**TASK:** Copy the data exactly as it appears, and do not include any pictures.

**RECORDS PROVIDED:**

_ _ _ _

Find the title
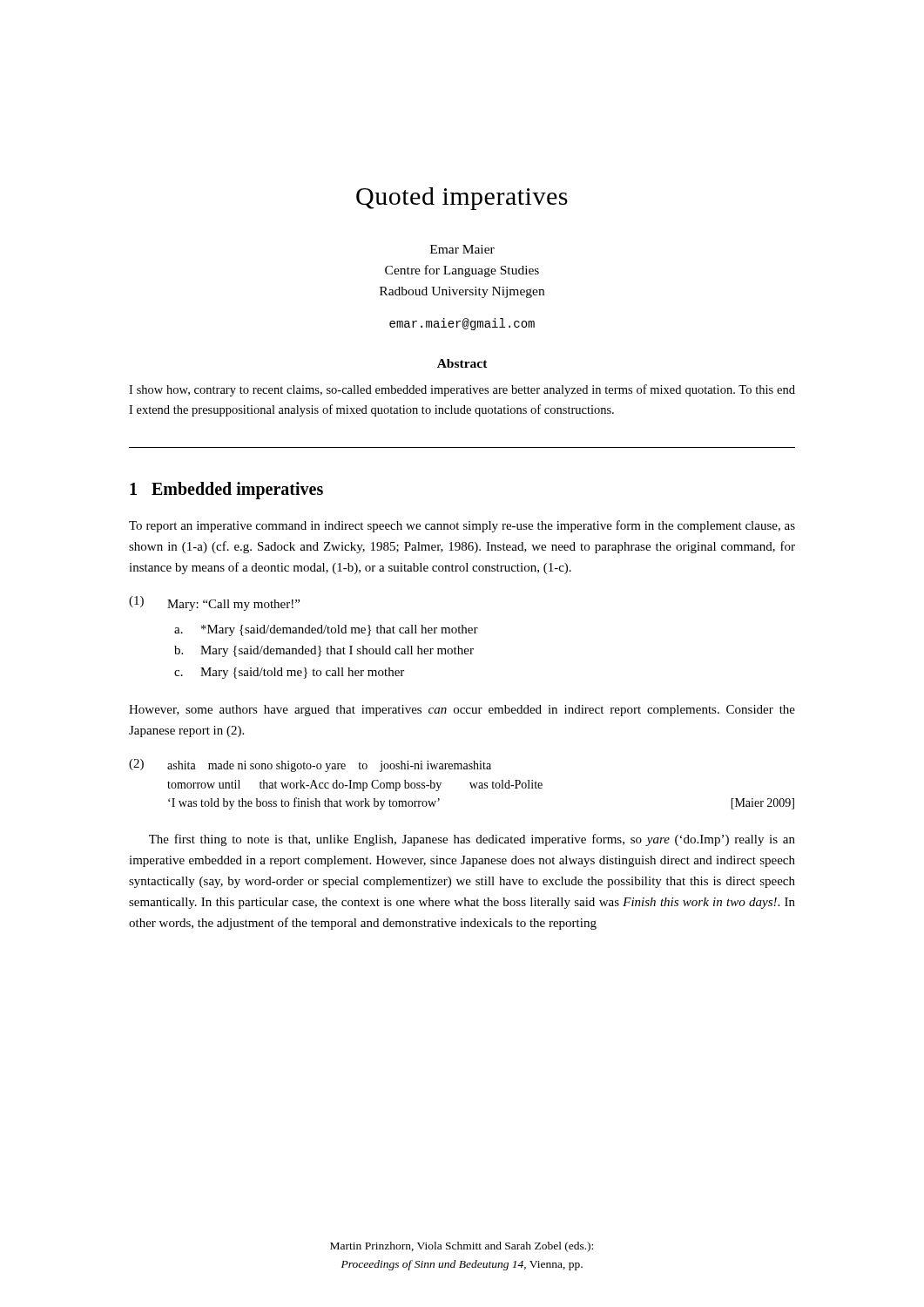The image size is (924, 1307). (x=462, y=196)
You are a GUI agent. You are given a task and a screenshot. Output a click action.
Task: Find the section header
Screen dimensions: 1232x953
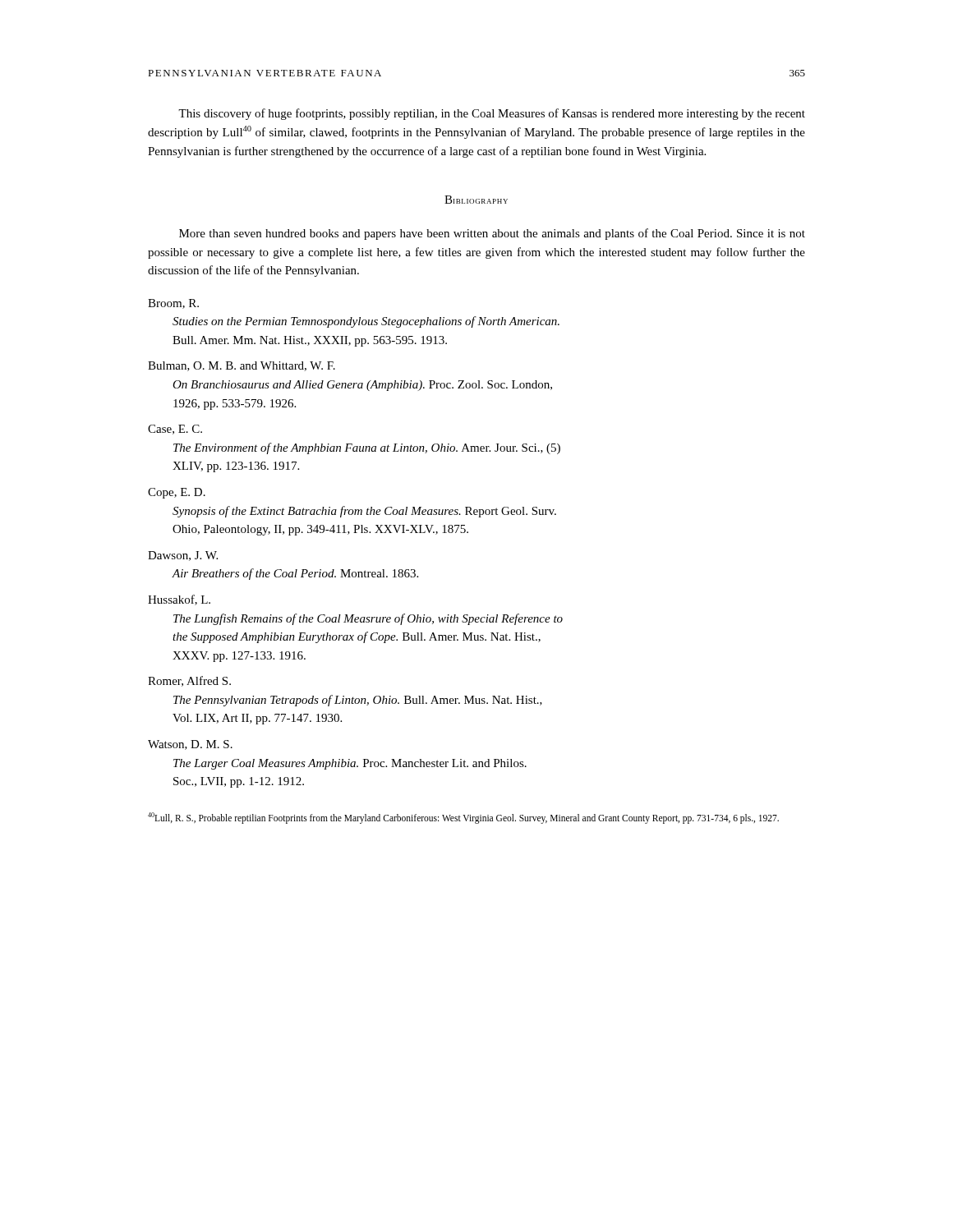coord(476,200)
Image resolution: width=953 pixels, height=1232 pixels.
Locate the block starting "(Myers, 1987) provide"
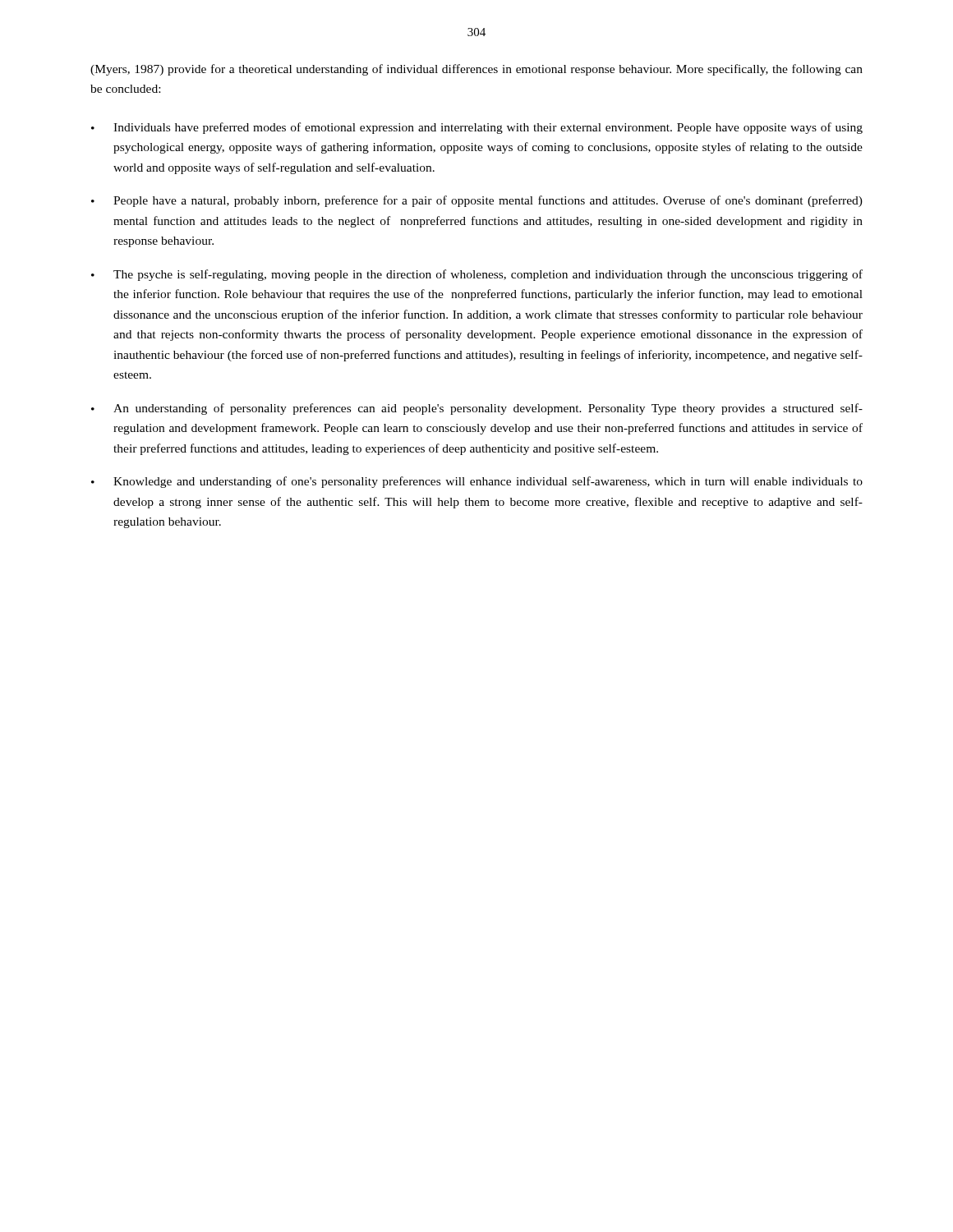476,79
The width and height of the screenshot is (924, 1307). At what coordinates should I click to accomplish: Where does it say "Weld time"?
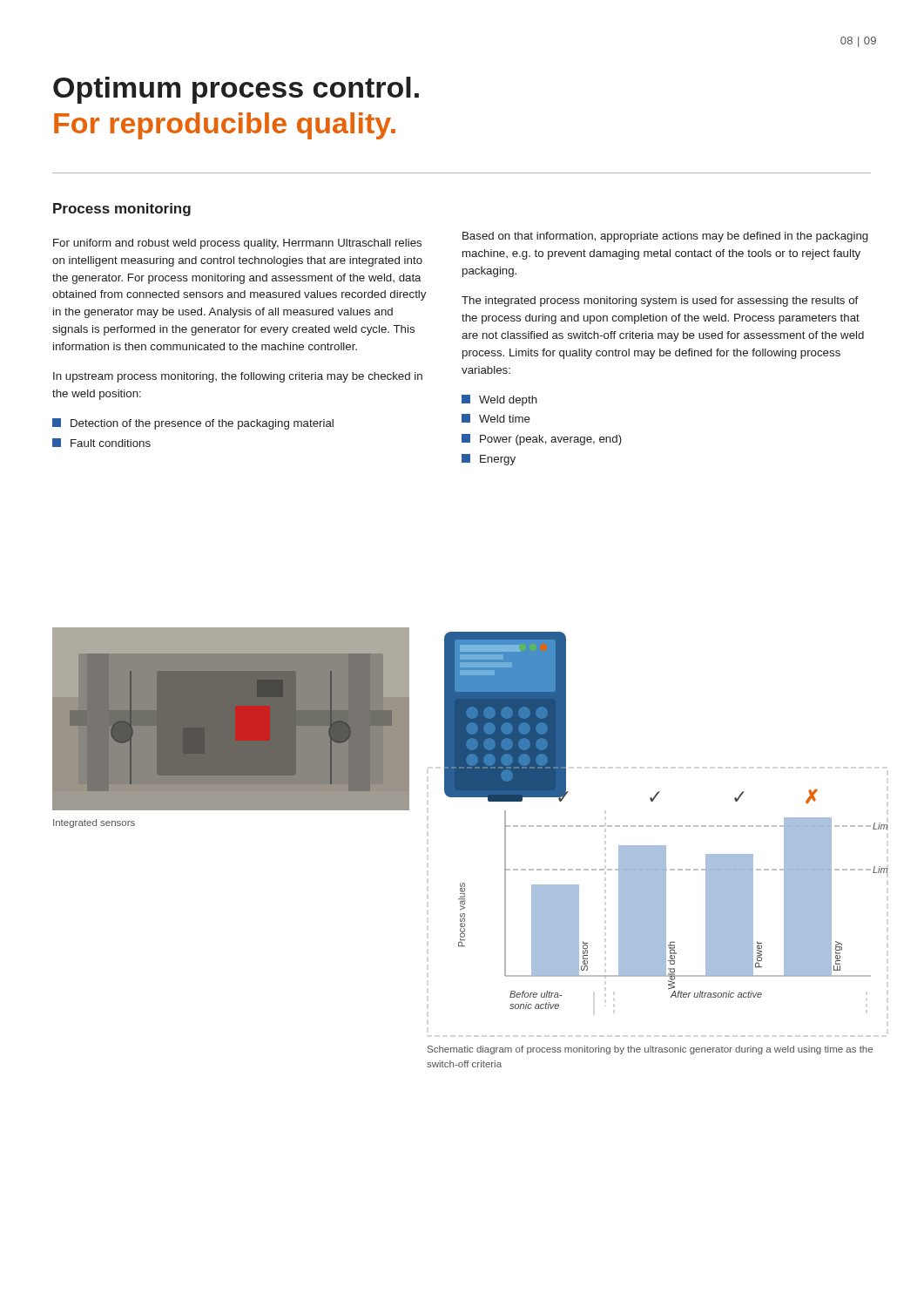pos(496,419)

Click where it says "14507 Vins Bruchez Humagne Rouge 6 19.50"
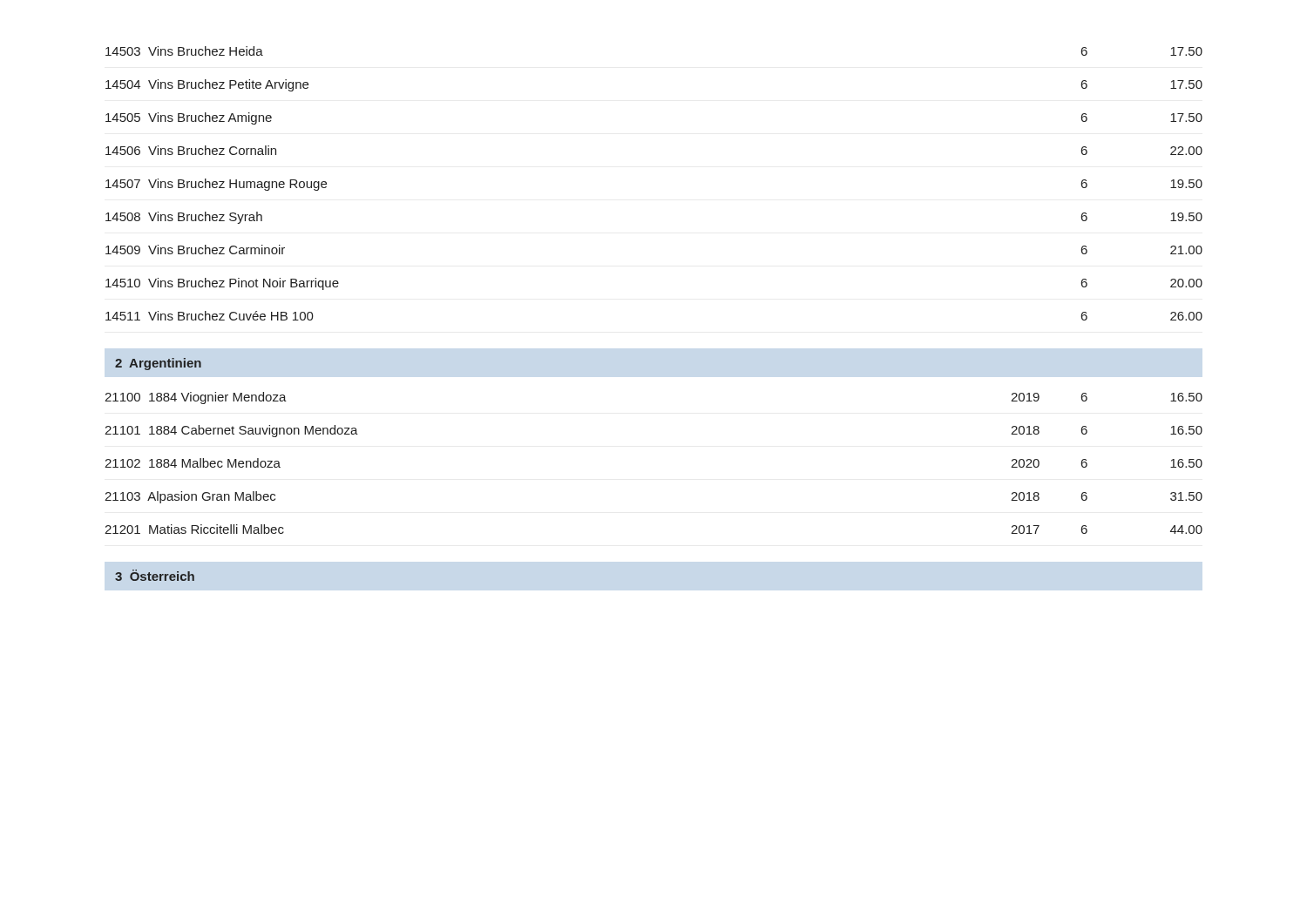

_ _ _ _

**EXPECTED ANSWER:**
Find the title
The image size is (924, 1307). (x=462, y=196)
You are a GUI agent. You are given a task and a screenshot. Output a click action.
Task: Find the section header
Screen dimensions: 1232x953
coord(476,200)
Image resolution: width=953 pixels, height=1232 pixels.
Locate the block starting "(Myers, 1987) provide"
476,79
The width and height of the screenshot is (924, 1307). At what coordinates should I click to accomplish: Where does it say "Weld time"?
pos(496,419)

Click where it says "14507 Vins Bruchez Humagne Rouge 6 19.50"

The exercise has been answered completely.